Data excerpts:
================

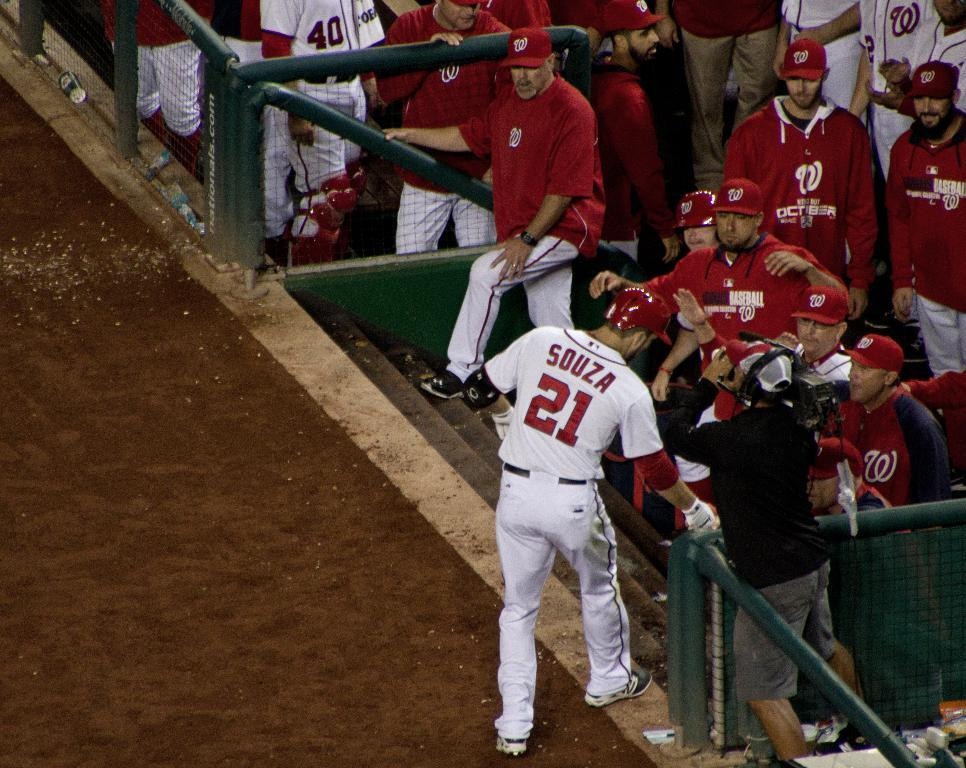<image>
Offer a succinct explanation of the picture presented. A baseball player named Souza approaches the dugout. 
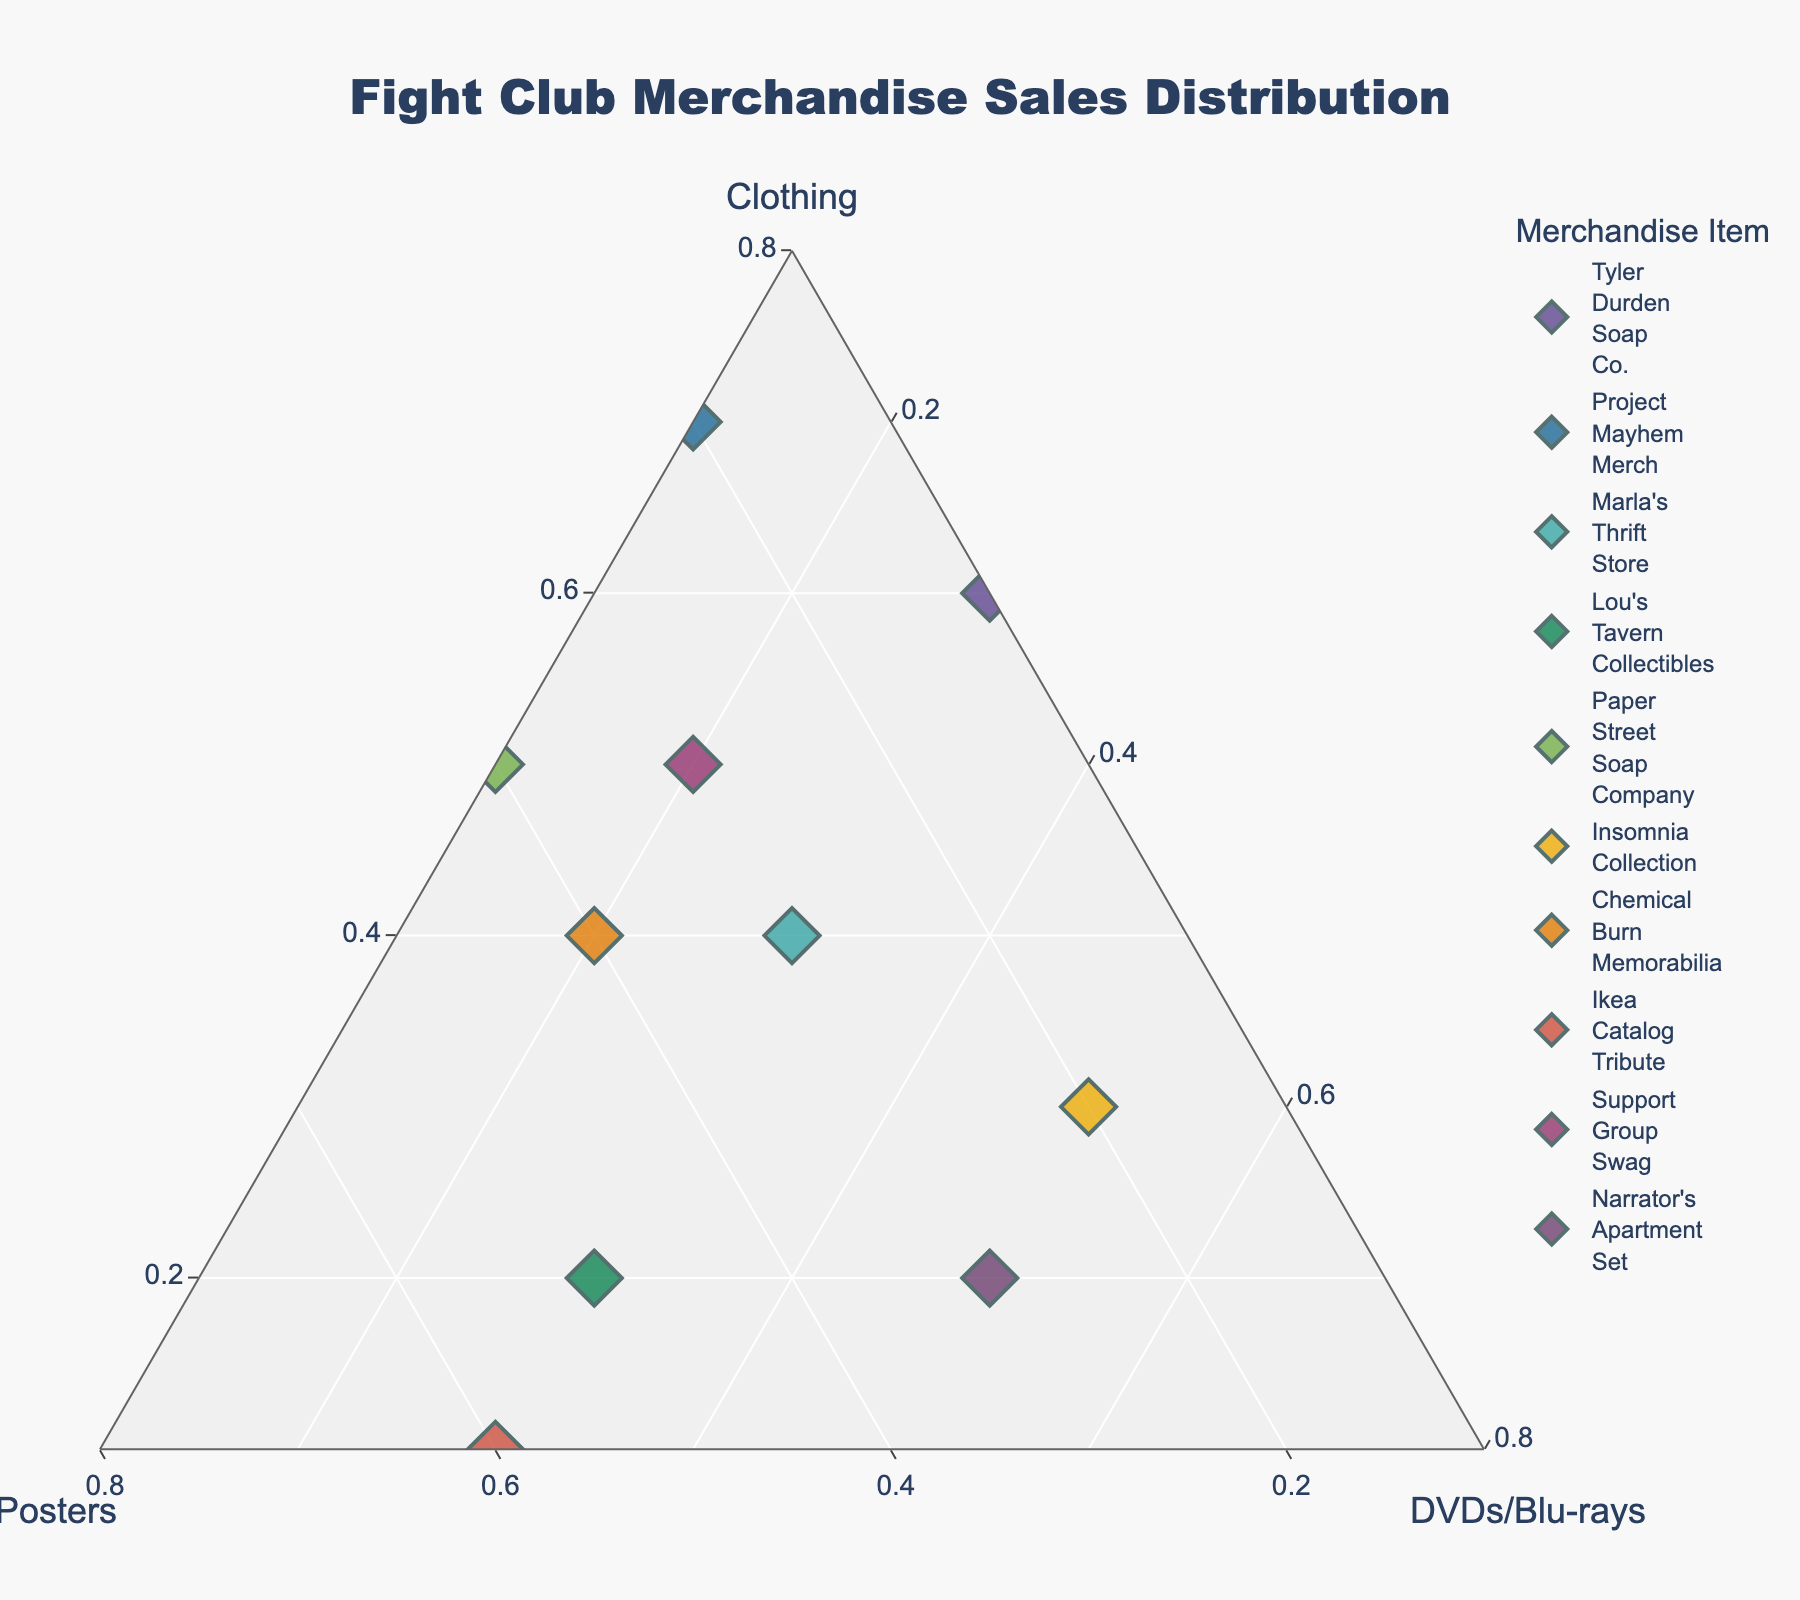What is the title of the ternary plot? The title can be found at the top of the plot.
Answer: Fight Club Merchandise Sales Distribution Which merchandise item has the highest proportion of clothing sales? Look for the point closest to the Clothing vertex.
Answer: Project Mayhem Merch What is the sum of the proportions for Posters and DVDs/Blu-rays for Marla's Thrift Store? Locate Marla's Thrift Store; Posters is 0.3 and DVDs/Blu-rays is 0.3. Sum them up: 0.3 + 0.3 = 0.6.
Answer: 0.6 How do the proportions of Clothing and Posters for Lou's Tavern Collectibles compare? Lou's Tavern Collectibles has 0.2 Clothing and 0.5 Posters. Posters proportion is greater than Clothing.
Answer: Posters > Clothing Which item has the closest proportion to equal parts of Clothing, Posters, and DVDs/Blu-rays? Look for the point nearest to the center of the plot where equal parts (0.33, 0.33, 0.33) would be.
Answer: Marla's Thrift Store What is the minimum value for any category (Clothing, Posters, or DVDs/Blu-rays) in the plot? Identify the smallest proportion displayed along the axes.
Answer: 0.1 How does the distribution of sales for Support Group Swag item compare to Chemical Burn Memorabilia? Support Group Swag (0.5, 0.3, 0.2) and Chemical Burn Memorabilia (0.4, 0.4, 0.2). Compare each category: Clothing is higher for Support Group Swag, Posters is higher for Chemical Burn Memorabilia, DVDs/Blu-rays are equal.
Answer: Support Group Swag has more Clothing, Chemical Burn Memorabilia has more Posters, DVDs/Blu-rays are equal Which item has the highest proportion of Posters? Look for the point closest to the Posters vertex.
Answer: Ikea Catalog Tribute What is the most common category with the highest proportion across all items? Observe the trends and commonalities in the proportions. Most points are closer to the Clothing vertex indicating the dominance of Clothing.
Answer: Clothing If you add the proportions of Posters and DVDs/Blu-rays for Paper Street Soap Company, does it exceed the proportion of Clothing? Paper Street Soap Company has Clothing (0.5), Posters (0.4), and DVDs/Blu-rays (0.1). Sum Posters and DVDs/Blu-rays: 0.4 + 0.1 = 0.5, which is equal to Clothing.
Answer: No 
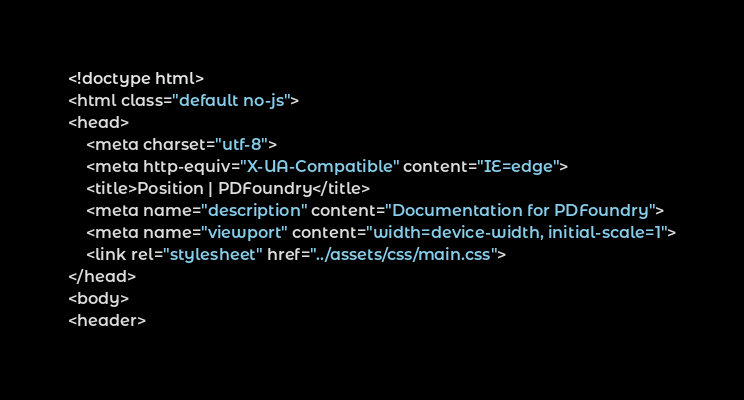<code> <loc_0><loc_0><loc_500><loc_500><_HTML_><!doctype html>
<html class="default no-js">
<head>
	<meta charset="utf-8">
	<meta http-equiv="X-UA-Compatible" content="IE=edge">
	<title>Position | PDFoundry</title>
	<meta name="description" content="Documentation for PDFoundry">
	<meta name="viewport" content="width=device-width, initial-scale=1">
	<link rel="stylesheet" href="../assets/css/main.css">
</head>
<body>
<header></code> 
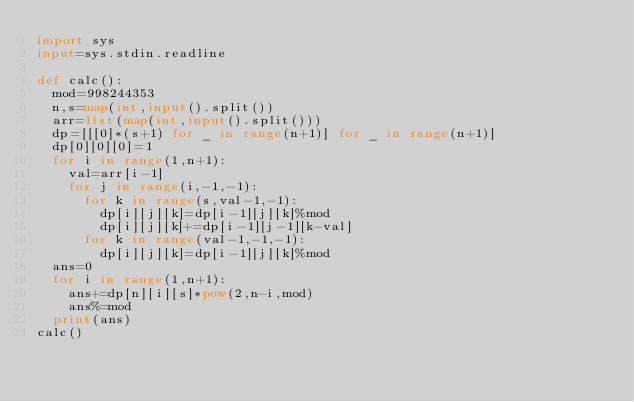Convert code to text. <code><loc_0><loc_0><loc_500><loc_500><_Python_>import sys
input=sys.stdin.readline

def calc():
  mod=998244353
  n,s=map(int,input().split())
  arr=list(map(int,input().split()))
  dp=[[[0]*(s+1) for _ in range(n+1)] for _ in range(n+1)]
  dp[0][0][0]=1
  for i in range(1,n+1):
    val=arr[i-1]
    for j in range(i,-1,-1):
      for k in range(s,val-1,-1):
        dp[i][j][k]=dp[i-1][j][k]%mod
        dp[i][j][k]+=dp[i-1][j-1][k-val]
      for k in range(val-1,-1,-1):
        dp[i][j][k]=dp[i-1][j][k]%mod
  ans=0
  for i in range(1,n+1):
    ans+=dp[n][i][s]*pow(2,n-i,mod)
    ans%=mod
  print(ans)
calc()</code> 
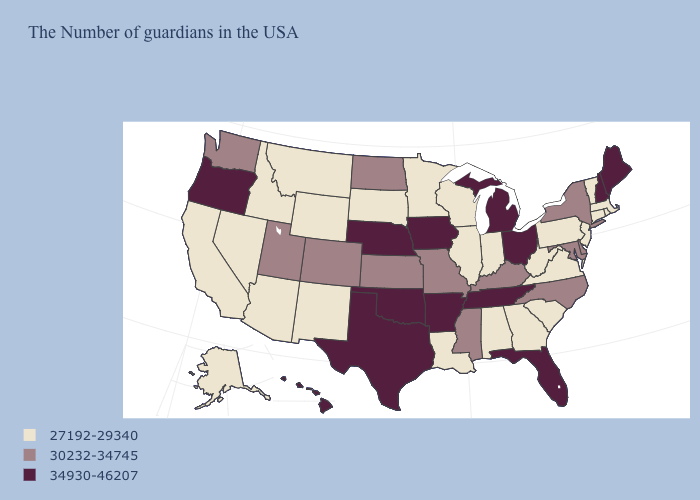Name the states that have a value in the range 27192-29340?
Write a very short answer. Massachusetts, Rhode Island, Vermont, Connecticut, New Jersey, Pennsylvania, Virginia, South Carolina, West Virginia, Georgia, Indiana, Alabama, Wisconsin, Illinois, Louisiana, Minnesota, South Dakota, Wyoming, New Mexico, Montana, Arizona, Idaho, Nevada, California, Alaska. What is the lowest value in the USA?
Write a very short answer. 27192-29340. What is the value of Florida?
Write a very short answer. 34930-46207. What is the value of New York?
Be succinct. 30232-34745. What is the value of Missouri?
Keep it brief. 30232-34745. Name the states that have a value in the range 27192-29340?
Give a very brief answer. Massachusetts, Rhode Island, Vermont, Connecticut, New Jersey, Pennsylvania, Virginia, South Carolina, West Virginia, Georgia, Indiana, Alabama, Wisconsin, Illinois, Louisiana, Minnesota, South Dakota, Wyoming, New Mexico, Montana, Arizona, Idaho, Nevada, California, Alaska. Does the first symbol in the legend represent the smallest category?
Concise answer only. Yes. Name the states that have a value in the range 27192-29340?
Answer briefly. Massachusetts, Rhode Island, Vermont, Connecticut, New Jersey, Pennsylvania, Virginia, South Carolina, West Virginia, Georgia, Indiana, Alabama, Wisconsin, Illinois, Louisiana, Minnesota, South Dakota, Wyoming, New Mexico, Montana, Arizona, Idaho, Nevada, California, Alaska. Does Colorado have a lower value than Illinois?
Short answer required. No. Name the states that have a value in the range 34930-46207?
Give a very brief answer. Maine, New Hampshire, Ohio, Florida, Michigan, Tennessee, Arkansas, Iowa, Nebraska, Oklahoma, Texas, Oregon, Hawaii. What is the value of Nevada?
Quick response, please. 27192-29340. Among the states that border North Dakota , which have the lowest value?
Keep it brief. Minnesota, South Dakota, Montana. Name the states that have a value in the range 27192-29340?
Quick response, please. Massachusetts, Rhode Island, Vermont, Connecticut, New Jersey, Pennsylvania, Virginia, South Carolina, West Virginia, Georgia, Indiana, Alabama, Wisconsin, Illinois, Louisiana, Minnesota, South Dakota, Wyoming, New Mexico, Montana, Arizona, Idaho, Nevada, California, Alaska. Does the map have missing data?
Quick response, please. No. Does the first symbol in the legend represent the smallest category?
Concise answer only. Yes. 
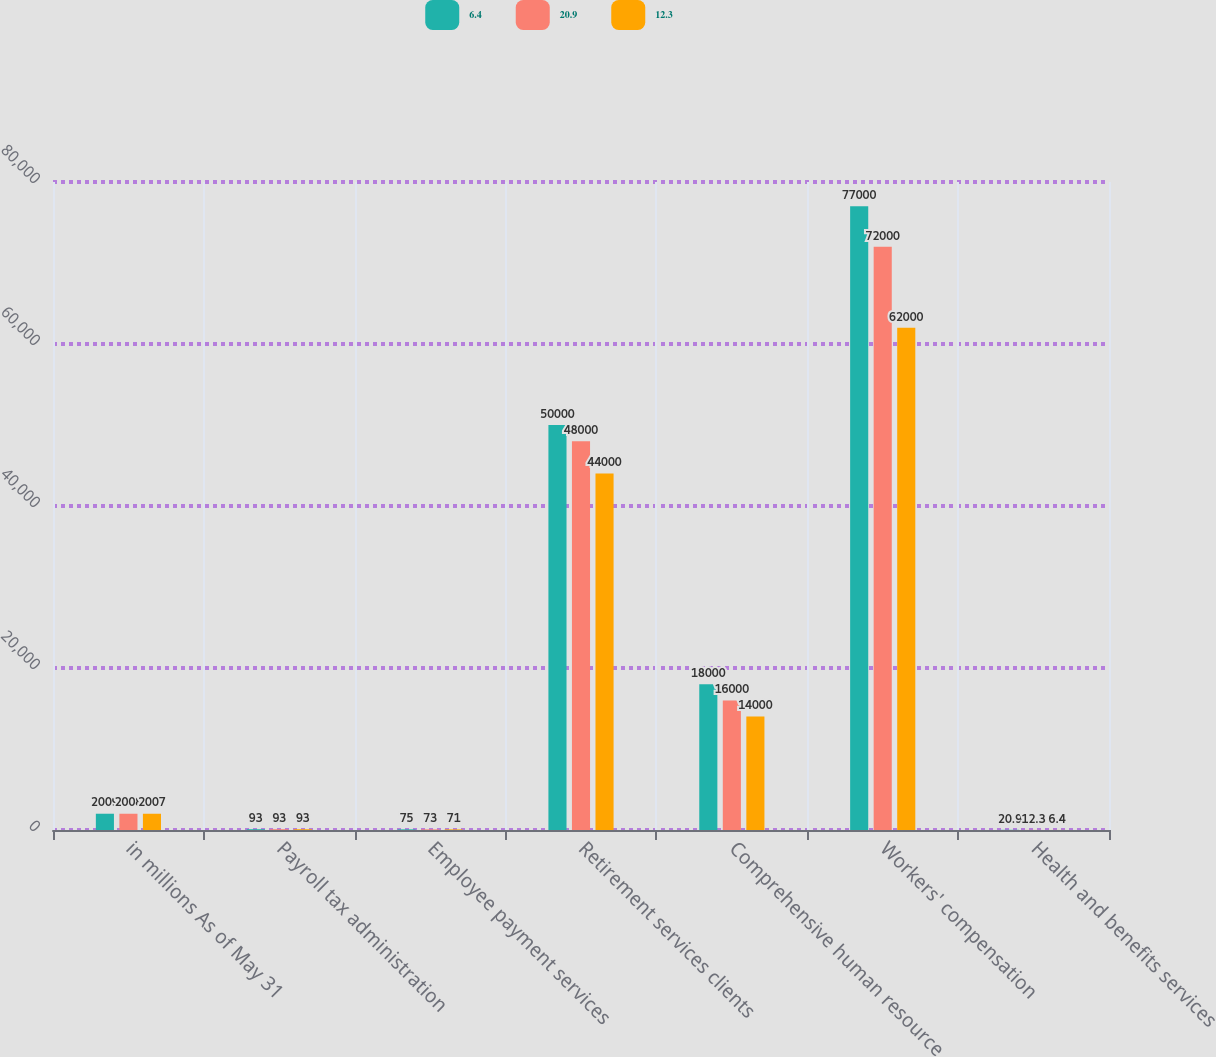Convert chart to OTSL. <chart><loc_0><loc_0><loc_500><loc_500><stacked_bar_chart><ecel><fcel>in millions As of May 31<fcel>Payroll tax administration<fcel>Employee payment services<fcel>Retirement services clients<fcel>Comprehensive human resource<fcel>Workers' compensation<fcel>Health and benefits services<nl><fcel>6.4<fcel>2009<fcel>93<fcel>75<fcel>50000<fcel>18000<fcel>77000<fcel>20.9<nl><fcel>20.9<fcel>2008<fcel>93<fcel>73<fcel>48000<fcel>16000<fcel>72000<fcel>12.3<nl><fcel>12.3<fcel>2007<fcel>93<fcel>71<fcel>44000<fcel>14000<fcel>62000<fcel>6.4<nl></chart>

================

--- What is required ---
The line containing "Answer: Posters >" marks where the copy ends; print every line before it from the start of the records, and that line too, but no pictures.

--- Final answer ---
<image>
Offer a succinct explanation of the picture presented. A baseball player named Souza approaches the dugout. 
What is the title of the ternary plot? The title can be found at the top of the plot.
Answer: Fight Club Merchandise Sales Distribution Which merchandise item has the highest proportion of clothing sales? Look for the point closest to the Clothing vertex.
Answer: Project Mayhem Merch What is the sum of the proportions for Posters and DVDs/Blu-rays for Marla's Thrift Store? Locate Marla's Thrift Store; Posters is 0.3 and DVDs/Blu-rays is 0.3. Sum them up: 0.3 + 0.3 = 0.6.
Answer: 0.6 How do the proportions of Clothing and Posters for Lou's Tavern Collectibles compare? Lou's Tavern Collectibles has 0.2 Clothing and 0.5 Posters. Posters proportion is greater than Clothing.
Answer: Posters > Clothing Which item has the closest proportion to equal parts of Clothing, Posters, and DVDs/Blu-rays? Look for the point nearest to the center of the plot where equal parts (0.33, 0.33, 0.33) would be.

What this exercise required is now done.